So don’t worry about tomorrow, for tomorrow will bring its own worries. Today’s trouble is enough for today. New Living Translation of Matthew 6:35
When I read Matthew 6:35 in light of today’s world, I want to shout, “No kidding!” It seems like every day brings new “troubles” and “today’s trouble is (certainly) enough for today.”
I’m a planner. In doing research for my book about mother loss, I discovered that it’s not unusual for people who have experienced early loss like to feel in control since they lost control of their life’s narrative so early. Planning is an artificial way to feel “in control.” For the first time in my life I’m in a circumstance of not planning beyond a few days. Plane travel—who knows when? House guests—who knows when? Meetings in person—who knows when? I’m going to reframe my frustration into an opportunity to learn to live more fully in the present and let the future just “be” for now.
Affirmation: I can be content without a plan.
Coaching question: In what way does Matthew 6:35 speak to you?

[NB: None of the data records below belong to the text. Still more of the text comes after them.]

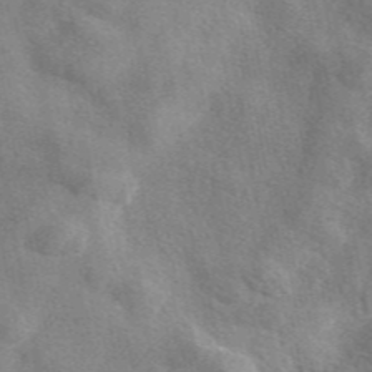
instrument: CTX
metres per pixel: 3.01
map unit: eAb
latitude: 47.6316
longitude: 123.3321
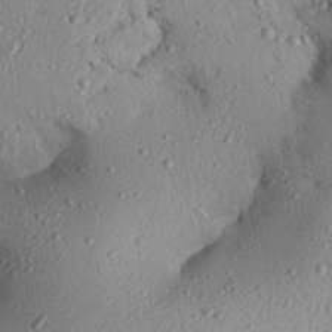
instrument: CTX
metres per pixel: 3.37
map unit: Aa
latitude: 27.1025
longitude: -129.6883
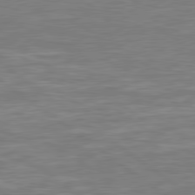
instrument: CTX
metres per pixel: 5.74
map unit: Hpe
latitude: 79.4238
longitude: -126.1956
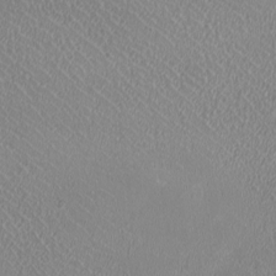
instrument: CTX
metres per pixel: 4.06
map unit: HNhu
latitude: -0.7653
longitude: -1.4804
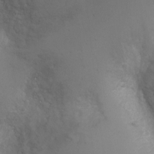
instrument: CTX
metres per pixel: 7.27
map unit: Ht
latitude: -7.2376
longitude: -20.7624
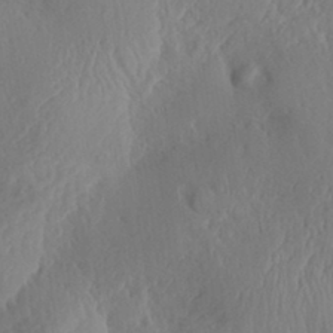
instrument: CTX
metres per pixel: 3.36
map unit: Aa
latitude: 32.5168
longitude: -141.2914
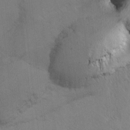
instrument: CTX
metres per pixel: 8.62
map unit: Ave
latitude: -0.6897
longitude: -112.2144
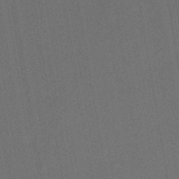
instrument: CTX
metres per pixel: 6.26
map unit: lHb
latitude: -43.7477
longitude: 60.9542
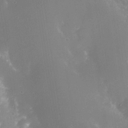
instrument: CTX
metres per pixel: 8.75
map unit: Nhe
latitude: -35.4454
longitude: -118.1766
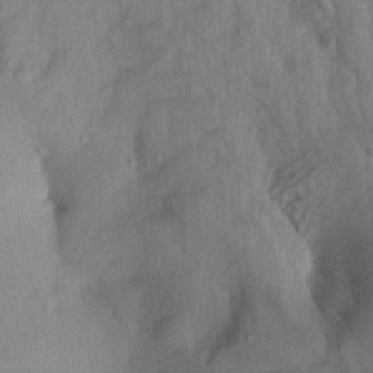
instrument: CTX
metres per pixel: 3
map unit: Aa
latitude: 20.3468
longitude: -147.4994

Photo by Sebastien Gabriel on Unsplash
Anxiety is a thin stream of fear trickling through the mind. If encouraged, it cuts a channel into which all other thoughts are drained. Arthur Somers Roche, American author
In my experience, most daughters who have experienced early mother loss are significantly impacted by the anniversary date of their mother’s death. Many have anxiety and are fearful that they might die early like their mother. Others, feel guilty that they are surpassing how long she lived.
One thing daughters may find helpful to ease their feelings of anxiety around the anniversary date is knowing that scientific research suggests that the parents’ longevity doesn’t correlate directly with the longevity of their children. James Vaupel of the Max Planck Institute for Demographic Research in Rostock, Germany, writes, Only three percent of how long you’ll live, compared with the average, is explained by your parents’ longevity. By contrast, up to ninety percent of how tall you are is explained by your parents’ height. Even genetically identical twins vary widely in life span: the typical gap is more than fifteen years.
Affirmation: I accept the facts that help me face my fear and anxiety.
Coaching questions: What causes you to feel anxious? How do you keep this trickle of fear from creating a channel in your mind? If you’re coming up to the age your mother was when she died, how will you deal with your anxiety and celebrate your future?